VI. Пашка Рахлеев уходит в жизнь.
Быхаловские окна не раскрывались ни разу за все тридцать восемь лет. А как украли шубу у покойницы, вделал в окна железные плетенки Быхалов. Сквозь
За таким надежным укрытием от солнечных ветерков, обитали в плесенном кругу Быхаловских стен многообразные запахи: каждому своя щель, свой час. Запахи – плотные, медленные, как откормленные зарядские коты, старые жильцы, живут семейственно, не утесняя друг друга. Утрами струится по полу душный запашок сопревающего картофля, и острым холодком перебегает дорогу к носу керосин. Обеденного пришельца обдаст сверх того горячим дыханием кислого ржаного хлеба. А досидит пришлец до вечера, поласкает его внезапный и непонятный аромат: как бы женская толстая голая рука просунется незримо к носу и погладит нос. Это из-под кровати, – целая кипа там цветных дешевых мыл. И между ними, четырьмя, ворочается главный хозяин – гниловатый привкус мокрой соли и отсыревших, крашеных масляной зеленью стен.

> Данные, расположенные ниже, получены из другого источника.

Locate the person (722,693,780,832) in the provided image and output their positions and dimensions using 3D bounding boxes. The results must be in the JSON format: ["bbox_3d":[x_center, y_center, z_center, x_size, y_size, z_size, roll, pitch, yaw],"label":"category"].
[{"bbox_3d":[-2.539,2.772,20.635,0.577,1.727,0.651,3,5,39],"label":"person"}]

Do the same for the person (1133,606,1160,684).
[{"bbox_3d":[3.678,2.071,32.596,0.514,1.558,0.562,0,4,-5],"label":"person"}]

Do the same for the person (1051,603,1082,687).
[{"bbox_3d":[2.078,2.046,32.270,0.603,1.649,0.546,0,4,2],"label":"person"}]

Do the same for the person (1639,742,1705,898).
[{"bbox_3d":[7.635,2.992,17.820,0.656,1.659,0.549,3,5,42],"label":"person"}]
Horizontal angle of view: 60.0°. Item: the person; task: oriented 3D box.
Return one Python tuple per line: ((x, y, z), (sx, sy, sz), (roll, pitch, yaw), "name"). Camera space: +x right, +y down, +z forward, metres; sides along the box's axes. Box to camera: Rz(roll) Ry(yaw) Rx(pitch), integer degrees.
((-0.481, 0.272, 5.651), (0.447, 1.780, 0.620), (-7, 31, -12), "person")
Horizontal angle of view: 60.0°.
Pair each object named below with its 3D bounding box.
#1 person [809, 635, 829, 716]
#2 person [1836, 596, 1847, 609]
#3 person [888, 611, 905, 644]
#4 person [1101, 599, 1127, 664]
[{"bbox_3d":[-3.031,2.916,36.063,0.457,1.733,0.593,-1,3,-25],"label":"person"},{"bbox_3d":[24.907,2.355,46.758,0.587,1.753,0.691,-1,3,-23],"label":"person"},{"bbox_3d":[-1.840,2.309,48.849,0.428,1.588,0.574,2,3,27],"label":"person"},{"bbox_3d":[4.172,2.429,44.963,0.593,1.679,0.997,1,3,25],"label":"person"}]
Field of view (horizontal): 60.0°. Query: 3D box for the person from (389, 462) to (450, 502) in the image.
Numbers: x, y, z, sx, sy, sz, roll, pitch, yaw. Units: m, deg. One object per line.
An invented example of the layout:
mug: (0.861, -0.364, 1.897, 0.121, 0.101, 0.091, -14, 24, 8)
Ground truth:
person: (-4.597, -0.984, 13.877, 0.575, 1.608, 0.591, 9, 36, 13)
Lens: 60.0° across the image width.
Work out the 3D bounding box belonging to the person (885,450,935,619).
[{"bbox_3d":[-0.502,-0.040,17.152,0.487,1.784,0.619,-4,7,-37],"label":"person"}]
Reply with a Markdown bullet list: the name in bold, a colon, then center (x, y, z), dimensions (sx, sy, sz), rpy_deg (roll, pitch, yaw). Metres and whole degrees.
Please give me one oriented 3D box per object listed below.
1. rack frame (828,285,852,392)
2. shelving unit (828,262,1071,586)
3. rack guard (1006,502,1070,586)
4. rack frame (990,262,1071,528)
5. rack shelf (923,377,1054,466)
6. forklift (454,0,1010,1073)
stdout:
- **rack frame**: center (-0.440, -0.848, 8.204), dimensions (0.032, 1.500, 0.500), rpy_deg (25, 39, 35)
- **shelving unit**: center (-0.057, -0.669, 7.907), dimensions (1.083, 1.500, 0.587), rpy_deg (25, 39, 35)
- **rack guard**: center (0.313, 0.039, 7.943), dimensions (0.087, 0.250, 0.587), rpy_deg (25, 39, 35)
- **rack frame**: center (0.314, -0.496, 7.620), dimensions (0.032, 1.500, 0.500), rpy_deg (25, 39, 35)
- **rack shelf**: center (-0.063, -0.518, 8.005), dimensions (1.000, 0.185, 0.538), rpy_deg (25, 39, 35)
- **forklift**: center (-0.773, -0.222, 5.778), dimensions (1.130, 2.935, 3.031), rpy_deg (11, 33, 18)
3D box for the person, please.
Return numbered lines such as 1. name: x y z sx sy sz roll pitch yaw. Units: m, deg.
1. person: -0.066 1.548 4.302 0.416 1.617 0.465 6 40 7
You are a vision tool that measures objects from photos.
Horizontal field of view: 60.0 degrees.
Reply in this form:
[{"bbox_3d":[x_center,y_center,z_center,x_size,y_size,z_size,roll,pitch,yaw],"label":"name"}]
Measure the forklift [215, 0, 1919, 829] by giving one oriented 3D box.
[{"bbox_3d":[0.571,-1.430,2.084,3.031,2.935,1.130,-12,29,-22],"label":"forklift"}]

Огромная печь разгородила надвое темную Быхаловскую щель. В правой половине притулилась приножьем к печке, спрятана за ситцевой занавеской хозяйская кровать. У стены стол, над столом поясной Никола. Сумрачно смотрит он из-за обсиженного мухами стекла на чадную перед собой лампаду. Тридцать восемь лет назад и моложе и веселей был, всякому своя старость; тогда не обманывали еще угодников керосиновыми смесями. А за киотом торчит высохшая вербочка. Облетели барашки, и уже не весенняя благостынька с веселой, шустрой речки, а розга-розгой, недоумков стегать.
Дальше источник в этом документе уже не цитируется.